Overall, natural language models are very powerful and benefitial. Hopefully, you learned how to create a model that can generate text, and more importantly, can be used to classify text as well (Transfer learning).

Questionnaire

  1. What is "self-supervised learning"?
    Learning where model has no labels.
  2. What is a "language model"?
    A language model is a model that tries to predict the next word in a text.
  3. Why is a language model considered self-supervised?
    Because it does not require any labels needed to learn.
  4. What are self-supervised models usually used for?
    Often they are used as pre-trained model for transfer learning.
  5. Why do we fine-tune language models?
    By finetuning (final layers) we can fit a model to our data.

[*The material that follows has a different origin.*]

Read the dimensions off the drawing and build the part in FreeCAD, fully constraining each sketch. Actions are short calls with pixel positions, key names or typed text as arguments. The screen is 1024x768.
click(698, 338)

Note, this assumes the data being fit on is similer.
  6. What are the three steps to create a state-of-the-art text classifier?

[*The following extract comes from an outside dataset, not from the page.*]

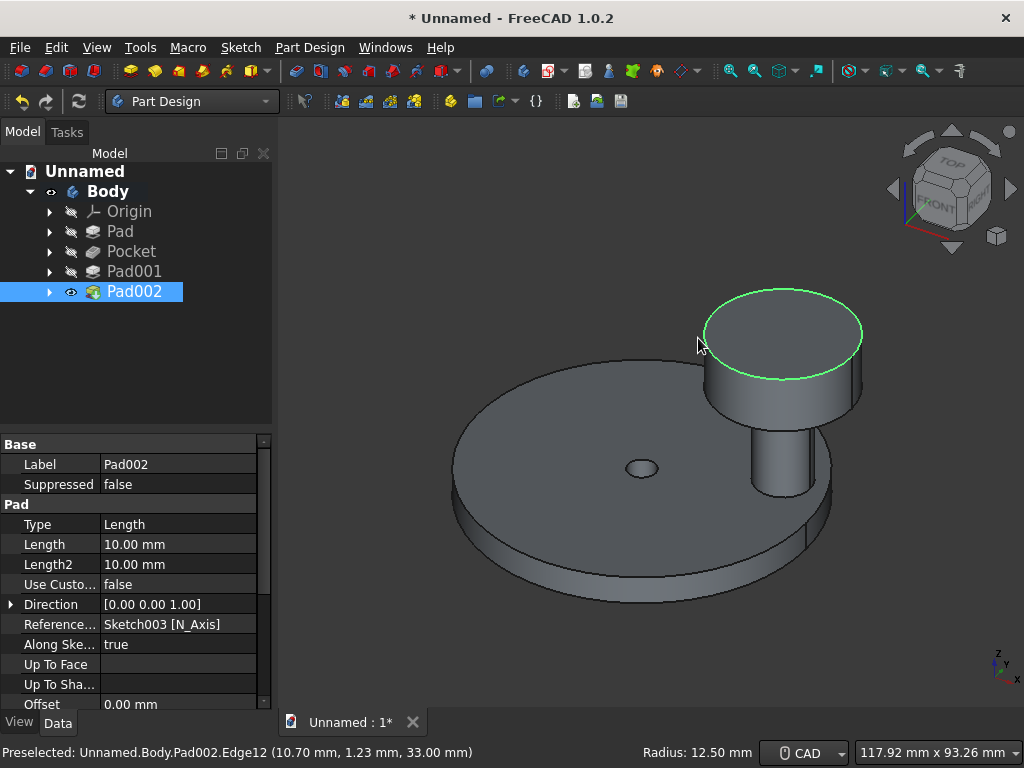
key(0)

    Train a language model
    Finetune language model on classification dataset
    Finetune further as classifier
  7. How do the 50,000 unlabeled movie reviews help us create a better text classifier for the IMDb dataset?

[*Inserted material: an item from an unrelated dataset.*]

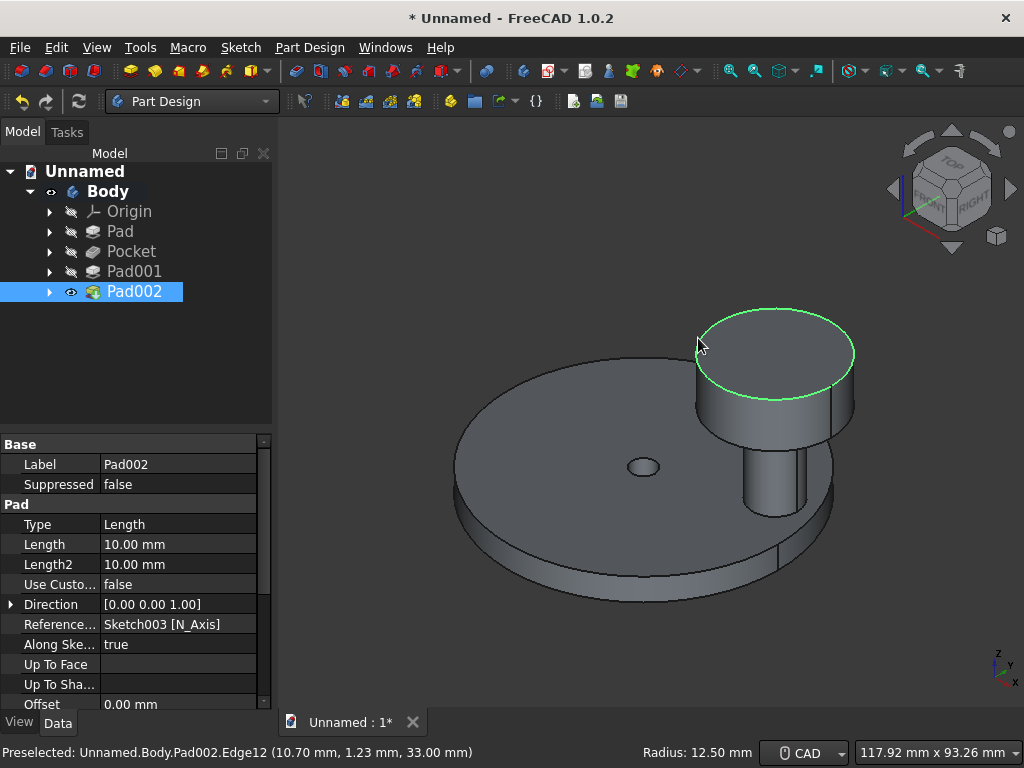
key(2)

    It has been trained to predict the next word: To do this, the model understands the language (Ex: sentiment).
  8. What are the three steps to prepare your data for a language model?
    Tokenization
    Numericalization
    DataLoader
  9. What is "tokenization"? Why do we need it?
    Tokenization splits words into a list: However, it's not that simple as it is vary of punctuations, syntax, etc.
  10. Name three different approaches to tokenization.
    Word-based tokenization
    Subword-based tokenization
    Character-based tokenization
  11. What is xxbos?
    Beginning of text
  12. List four rules that fastai applies to text during tokenization.
    xxrep, xxbox, xxcap, xxeos
  13. Why are repeated characters replaced with a token showing the number of repetitions and the character that's repeated?
    We can expect that repeated characters have special or different meaning than just a single character: Hence, why it is better to use a token to repersent this distinction.
  14. What is "numericalization"?
    The mapping of values to vocab
  15. Why might there be words that are replaced with the "unknown word" token?
    Such words make the embedding matrix far too large and increase memory usage.
  16. With a batch size of 64, the first row of the tensor representing the first batch contains the first 64 tokens for the dataset. What does the second row of that tensor contain? What does the first row of the second batch contain? (Careful—students often get this one wrong! Be sure to check your answer on the book's website.)
    Minibatch of the nth row follows the previous minibatches nth row.
  17. Why do we need padding for text classification? Why don't we need it for language modeling?
    Padding is needed because each text is of different sizes. It is not required for language modeling as the documents are all concatenated.
  18. What does an embedding matrix for NLP contain? What is its shape?
    It contains vector representations of all tokens in the vocabulary. The embedding matrix has the size vocab_size x embedding_size.
  19. What is "perplexity"?
    Exponential of the loss.
  20. Why do we have to pass the vocabulary of the language model to the classifier data block?
    We need the vocab correspondence of tokens to index to remain the same because we used the pretrained language model.
  21. What is "gradual unfreezing"?
    The unfreezing of one layer at a time and fine-tuning.
  22. Why is text generation always likely to be ahead of automatic identification of machine-generated texts?
    The text generation model could be made so that it competes with the identification model. Eventually, the text generation will produce text that the identification model cannot identify as being machine-generated.

Further Research

  1. See what you can learn about language models and disinformation. What are the best language models today? Take a look at some of their outputs. Do you find them convincing? How could a bad actor best use such a model to create conflict and uncertainty?
  2. Given the limitation that models are unlikely to be able to consistently recognize machine-generated texts, what other approaches may be needed to handle large-scale disinformation campaigns that leverage deep learning?